§ **Exercise**
Go through the records and copy each line where the string "amount" occurs.

§ **Excerpted data**
- Opening Delimiter -

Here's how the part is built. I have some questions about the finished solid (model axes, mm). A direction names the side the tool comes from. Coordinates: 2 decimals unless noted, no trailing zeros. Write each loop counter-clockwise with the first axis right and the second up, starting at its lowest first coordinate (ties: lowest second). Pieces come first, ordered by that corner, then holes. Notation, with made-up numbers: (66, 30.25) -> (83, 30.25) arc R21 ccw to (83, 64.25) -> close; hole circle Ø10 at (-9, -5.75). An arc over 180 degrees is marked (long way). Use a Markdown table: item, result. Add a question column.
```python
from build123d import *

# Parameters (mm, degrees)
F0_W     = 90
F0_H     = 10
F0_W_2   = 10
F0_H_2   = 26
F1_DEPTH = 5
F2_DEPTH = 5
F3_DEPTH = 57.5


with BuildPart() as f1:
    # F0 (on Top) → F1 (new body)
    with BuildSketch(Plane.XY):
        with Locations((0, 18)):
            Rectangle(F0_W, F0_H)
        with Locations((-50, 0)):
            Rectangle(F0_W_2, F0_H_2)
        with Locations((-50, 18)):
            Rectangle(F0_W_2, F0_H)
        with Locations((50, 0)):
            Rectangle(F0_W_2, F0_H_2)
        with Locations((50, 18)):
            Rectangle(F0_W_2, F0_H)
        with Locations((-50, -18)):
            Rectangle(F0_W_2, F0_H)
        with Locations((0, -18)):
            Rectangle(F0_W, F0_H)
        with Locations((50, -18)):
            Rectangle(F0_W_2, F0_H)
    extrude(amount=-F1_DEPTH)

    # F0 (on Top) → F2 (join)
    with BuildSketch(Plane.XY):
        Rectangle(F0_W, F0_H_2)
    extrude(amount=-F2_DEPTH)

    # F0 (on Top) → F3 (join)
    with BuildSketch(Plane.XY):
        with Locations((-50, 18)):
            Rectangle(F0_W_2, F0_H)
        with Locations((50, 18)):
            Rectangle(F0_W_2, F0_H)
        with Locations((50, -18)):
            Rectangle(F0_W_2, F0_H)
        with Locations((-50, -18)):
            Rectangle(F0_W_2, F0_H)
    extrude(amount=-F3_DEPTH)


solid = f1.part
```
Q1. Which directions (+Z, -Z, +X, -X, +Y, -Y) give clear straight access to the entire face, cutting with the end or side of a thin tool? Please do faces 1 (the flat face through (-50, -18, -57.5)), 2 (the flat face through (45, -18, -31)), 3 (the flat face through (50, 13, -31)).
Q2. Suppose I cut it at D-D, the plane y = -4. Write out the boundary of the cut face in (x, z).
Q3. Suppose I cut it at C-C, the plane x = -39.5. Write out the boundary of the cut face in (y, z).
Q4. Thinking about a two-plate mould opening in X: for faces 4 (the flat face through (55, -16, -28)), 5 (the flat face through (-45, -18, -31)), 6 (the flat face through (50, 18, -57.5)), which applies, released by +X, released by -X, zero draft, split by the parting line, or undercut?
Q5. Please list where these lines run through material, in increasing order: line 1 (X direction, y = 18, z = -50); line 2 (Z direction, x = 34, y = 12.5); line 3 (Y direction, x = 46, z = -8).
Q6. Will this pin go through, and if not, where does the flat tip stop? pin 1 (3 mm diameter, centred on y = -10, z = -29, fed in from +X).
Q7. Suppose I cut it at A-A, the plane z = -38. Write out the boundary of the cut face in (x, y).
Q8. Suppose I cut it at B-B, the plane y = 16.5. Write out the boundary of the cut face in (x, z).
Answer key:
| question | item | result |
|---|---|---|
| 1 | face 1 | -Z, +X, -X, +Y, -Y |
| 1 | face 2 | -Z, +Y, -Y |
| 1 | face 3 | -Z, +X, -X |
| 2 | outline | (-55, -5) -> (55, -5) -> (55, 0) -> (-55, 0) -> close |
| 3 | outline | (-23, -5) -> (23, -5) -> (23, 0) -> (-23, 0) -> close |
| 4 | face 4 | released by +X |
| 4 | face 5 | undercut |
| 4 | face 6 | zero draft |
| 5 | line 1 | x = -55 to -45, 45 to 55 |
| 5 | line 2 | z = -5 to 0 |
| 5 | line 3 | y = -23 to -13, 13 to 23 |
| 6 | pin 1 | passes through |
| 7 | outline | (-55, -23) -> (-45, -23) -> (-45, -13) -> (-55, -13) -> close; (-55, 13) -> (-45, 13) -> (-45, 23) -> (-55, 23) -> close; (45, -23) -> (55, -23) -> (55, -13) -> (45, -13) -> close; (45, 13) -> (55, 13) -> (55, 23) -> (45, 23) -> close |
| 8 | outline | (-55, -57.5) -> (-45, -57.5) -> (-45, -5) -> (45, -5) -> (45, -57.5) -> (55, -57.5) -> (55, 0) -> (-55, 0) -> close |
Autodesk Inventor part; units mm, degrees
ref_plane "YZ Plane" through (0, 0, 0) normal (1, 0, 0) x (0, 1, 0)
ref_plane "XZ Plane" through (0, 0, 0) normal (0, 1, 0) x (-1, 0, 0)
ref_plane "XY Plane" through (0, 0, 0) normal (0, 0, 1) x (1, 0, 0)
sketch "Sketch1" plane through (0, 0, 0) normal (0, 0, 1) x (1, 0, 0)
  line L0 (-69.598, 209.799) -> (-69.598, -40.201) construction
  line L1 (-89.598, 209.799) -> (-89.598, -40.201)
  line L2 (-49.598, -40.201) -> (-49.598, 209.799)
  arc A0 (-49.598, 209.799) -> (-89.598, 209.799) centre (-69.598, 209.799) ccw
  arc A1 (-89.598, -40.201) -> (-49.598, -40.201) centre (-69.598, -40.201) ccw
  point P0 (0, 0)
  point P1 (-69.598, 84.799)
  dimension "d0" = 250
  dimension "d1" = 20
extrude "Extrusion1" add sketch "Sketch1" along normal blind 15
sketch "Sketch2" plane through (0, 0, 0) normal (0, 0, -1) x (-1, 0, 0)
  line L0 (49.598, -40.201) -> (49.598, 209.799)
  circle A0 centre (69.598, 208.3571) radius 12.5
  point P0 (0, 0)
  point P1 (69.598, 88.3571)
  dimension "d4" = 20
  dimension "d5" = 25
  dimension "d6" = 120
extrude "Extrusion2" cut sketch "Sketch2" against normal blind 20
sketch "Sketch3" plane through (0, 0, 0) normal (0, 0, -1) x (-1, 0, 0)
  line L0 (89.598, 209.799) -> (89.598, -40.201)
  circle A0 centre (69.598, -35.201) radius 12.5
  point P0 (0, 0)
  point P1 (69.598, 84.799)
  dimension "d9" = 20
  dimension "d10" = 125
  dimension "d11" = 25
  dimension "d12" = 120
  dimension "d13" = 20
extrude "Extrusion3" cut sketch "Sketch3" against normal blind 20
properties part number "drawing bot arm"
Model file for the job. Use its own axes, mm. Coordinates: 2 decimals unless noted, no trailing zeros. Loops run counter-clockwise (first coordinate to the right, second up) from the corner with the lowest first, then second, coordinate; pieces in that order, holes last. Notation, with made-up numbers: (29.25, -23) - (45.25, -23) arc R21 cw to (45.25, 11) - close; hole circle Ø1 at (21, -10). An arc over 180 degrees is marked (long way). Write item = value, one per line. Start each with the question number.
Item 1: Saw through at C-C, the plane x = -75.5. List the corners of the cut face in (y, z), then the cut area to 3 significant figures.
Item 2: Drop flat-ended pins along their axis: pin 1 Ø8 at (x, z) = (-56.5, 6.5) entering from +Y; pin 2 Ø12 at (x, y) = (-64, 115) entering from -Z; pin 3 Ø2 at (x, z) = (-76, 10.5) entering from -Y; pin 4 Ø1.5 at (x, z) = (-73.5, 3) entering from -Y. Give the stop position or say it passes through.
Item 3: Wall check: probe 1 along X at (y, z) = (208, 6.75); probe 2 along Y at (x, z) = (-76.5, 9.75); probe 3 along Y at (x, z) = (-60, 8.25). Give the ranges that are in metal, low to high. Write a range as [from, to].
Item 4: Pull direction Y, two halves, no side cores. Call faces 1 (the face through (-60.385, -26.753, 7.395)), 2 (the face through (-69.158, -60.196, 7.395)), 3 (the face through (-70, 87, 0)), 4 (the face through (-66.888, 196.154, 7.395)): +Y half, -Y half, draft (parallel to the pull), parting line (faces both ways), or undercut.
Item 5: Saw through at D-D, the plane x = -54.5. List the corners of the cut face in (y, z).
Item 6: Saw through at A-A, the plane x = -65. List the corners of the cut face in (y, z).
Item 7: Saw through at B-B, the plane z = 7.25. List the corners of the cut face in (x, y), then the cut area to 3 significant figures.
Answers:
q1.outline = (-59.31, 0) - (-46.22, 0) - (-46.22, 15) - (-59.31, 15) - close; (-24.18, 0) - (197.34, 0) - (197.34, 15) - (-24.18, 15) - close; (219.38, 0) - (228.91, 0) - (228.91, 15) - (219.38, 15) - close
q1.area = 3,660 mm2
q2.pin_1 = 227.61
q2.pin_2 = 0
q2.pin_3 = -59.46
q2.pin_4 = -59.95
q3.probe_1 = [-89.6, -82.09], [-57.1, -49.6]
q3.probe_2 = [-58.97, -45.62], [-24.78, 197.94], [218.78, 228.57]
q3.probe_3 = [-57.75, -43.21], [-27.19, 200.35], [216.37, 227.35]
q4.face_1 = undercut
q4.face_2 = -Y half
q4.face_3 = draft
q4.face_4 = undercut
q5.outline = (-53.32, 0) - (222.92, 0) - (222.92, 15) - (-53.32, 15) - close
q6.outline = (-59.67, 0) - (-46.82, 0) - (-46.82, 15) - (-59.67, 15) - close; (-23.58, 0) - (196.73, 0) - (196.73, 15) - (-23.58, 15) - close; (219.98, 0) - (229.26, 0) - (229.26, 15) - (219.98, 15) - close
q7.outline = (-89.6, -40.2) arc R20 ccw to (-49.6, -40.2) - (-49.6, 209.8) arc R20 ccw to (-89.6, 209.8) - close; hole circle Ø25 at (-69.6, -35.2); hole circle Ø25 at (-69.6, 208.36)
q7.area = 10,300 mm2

- Closing Delimiter -

§ **Exercise solution**
    extrude(amount=-F1_DEPTH)
    extrude(amount=-F2_DEPTH)
    extrude(amount=-F3_DEPTH)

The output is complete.